/ Modified dec 14, 2018 10:02 a.m.

Efforts of Native American Students Change TUSD Stance on Graduation Wear

Student-led organizing has temporarily changed the policy to allow Native American regalia at the ceremony.

Maddy and Lulu hero Maddy Jeans, left, and Lourdes Pereira.
Nick O'Gara/AZPM

The TUSD Governing Board Tuesday night voted to temporarily change the policy that barred Native American students from wearing sacred tribal regalia to graduation ceremonies, a shift that came about primarily through the efforts of current and former students in the district.

The organizing of Maddy Jeans, a 2017 graduate of Pueblo High School, and Lourdes Pereira, a senior at Pueblo High, drove the conversation that led the board to introduce temporary language to allow Native American students to wear sacred regalia to the upcoming winter commencement ceremony, a change that administrators say will also affect students of other religious and cultural affiliations.

Maddy speaking VIEW LARGER Maddy Jeans speaks in front of the TUSD Governing Board, Dec. 11, 2018, to advocate a change to the district's graduation dress code.
Nick O'Gara/AZPM

"This is something that needed to be introduced and it needed to be changed," said Jeans, a Pima Community College student who serves as secretary for the Tucson Native Youth Council (TNYC).

Language regarding the temporary change will be sent to parents early next week, the district told AZPM, in time for the Dec. 20 graduation.

While Jeans (Yaqui-Navajo) and Pereira (Hia-Ced O'odham) counted the vote as a victory, they pointed to the temporary nature of the change. After winter graduation, changes to the policy affecting graduation dress will have to go through the longer, standard district process, and Jeans and Pereira say their work isn't done.

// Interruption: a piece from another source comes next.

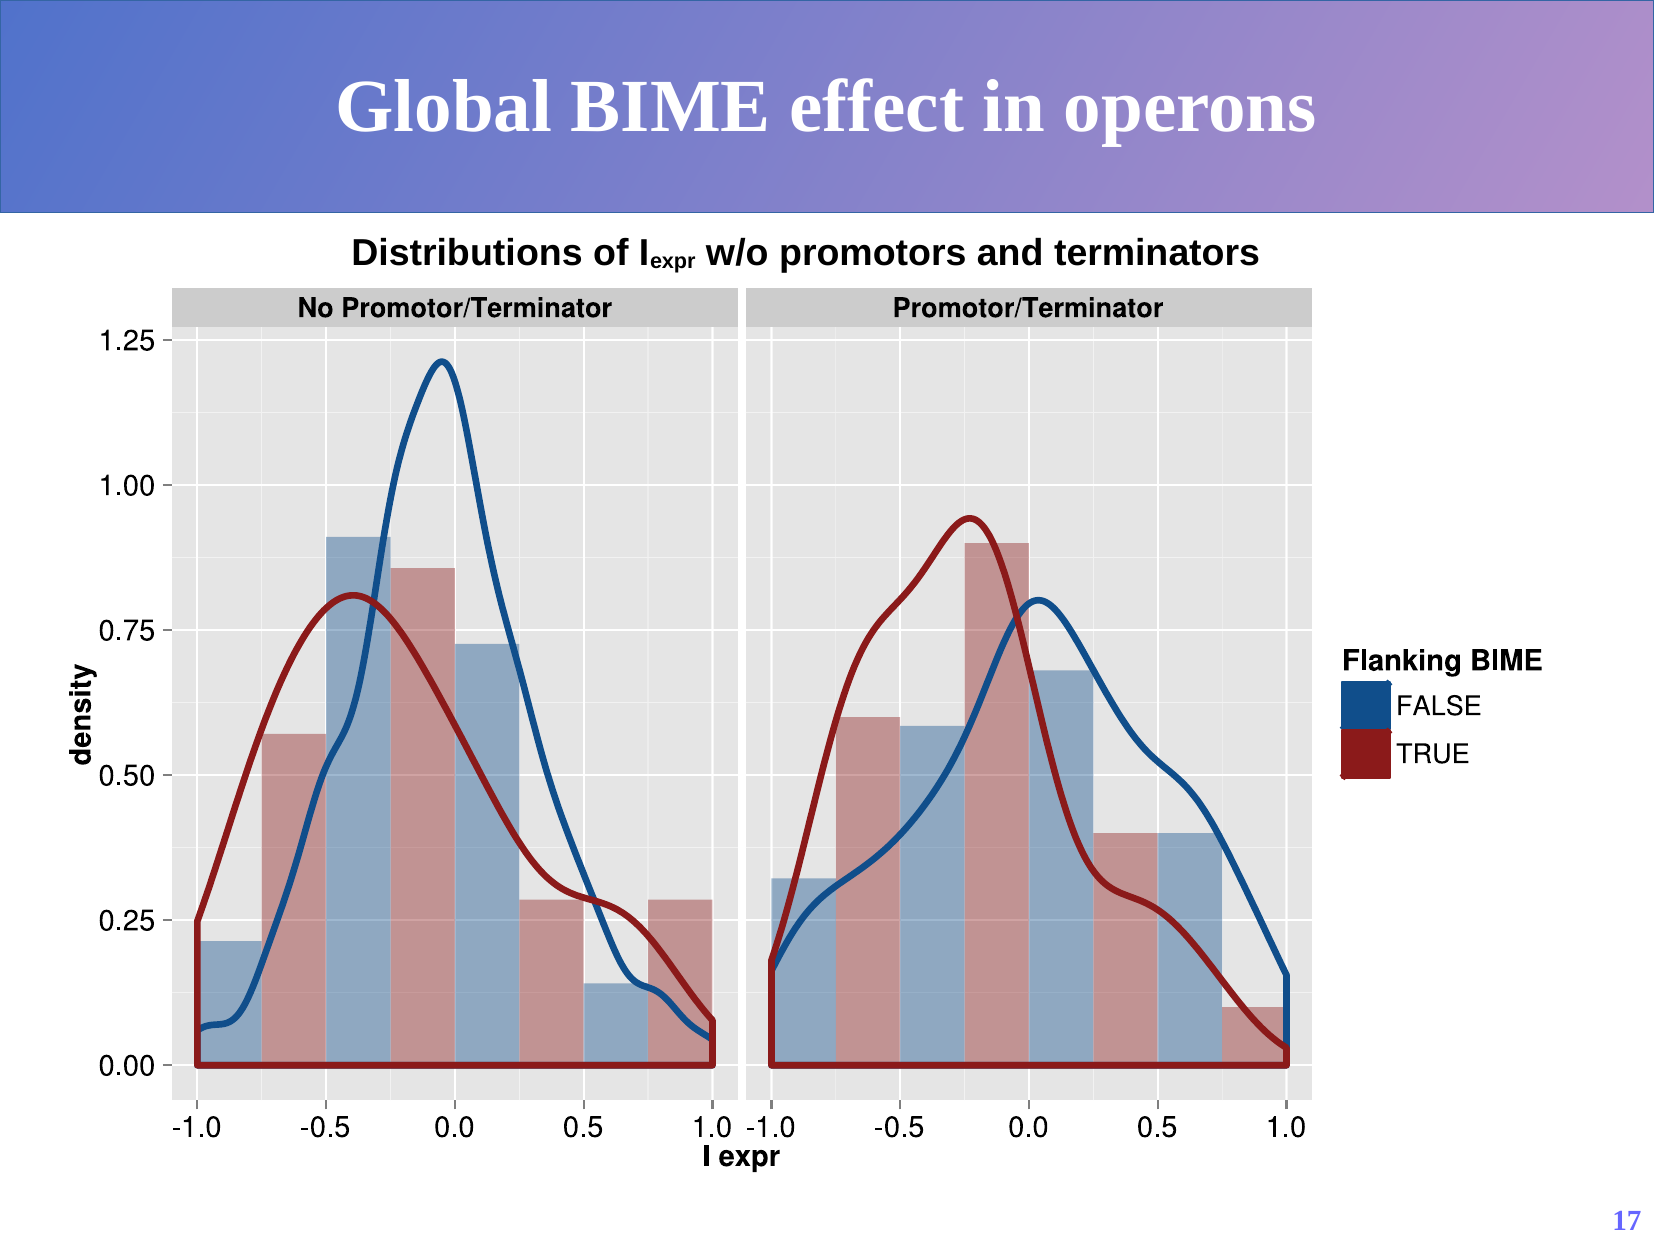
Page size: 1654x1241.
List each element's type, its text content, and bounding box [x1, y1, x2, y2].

"We're very excited. Still, I think there's work to do, obviously, and we know that. It's still a process," said Pereira, co-president of TNYC.

Maddy Graduates VIEW LARGER Maddy Jeans at her 2017 graduation.
Courtesy Madeleine Jeans

Some discussion at the meeting centered around the language of the change, circling around questions of how to make it both inclusive and specific. Jeans says that language is important. She says she was given permission to walk in her regalia in 2017 following a succession of emails, meetings and phone calls, but added there is a long list of students who were told "no."

"There have been students that asked principals, asked counselors for permission, and they were denied it," Jeans said. "We've had this opportunity taken away from us before, and we don't want that to happen again."

The language presented at the meeting for winter graduation said the "superintendent or designee" may grant exceptions to the traditional cap and gown requirement. That language is being reviewed before going out to parents next week, the district said.

Jeans and Pereira, who appealed to the board on the issue at the call to the public at its Oct. 16 meeting, said the idea of asking for permission is problematic.

Getting the policy right will be the work of the district next year. The governing board is expected to take up the issue in time to impact graduation for Pereira in May. She plans to wear a traditional dress made by an elder in her tribe.

"And she's amazing, which is an honor. ... That is why it means so much. She made that by hand," Pereira said.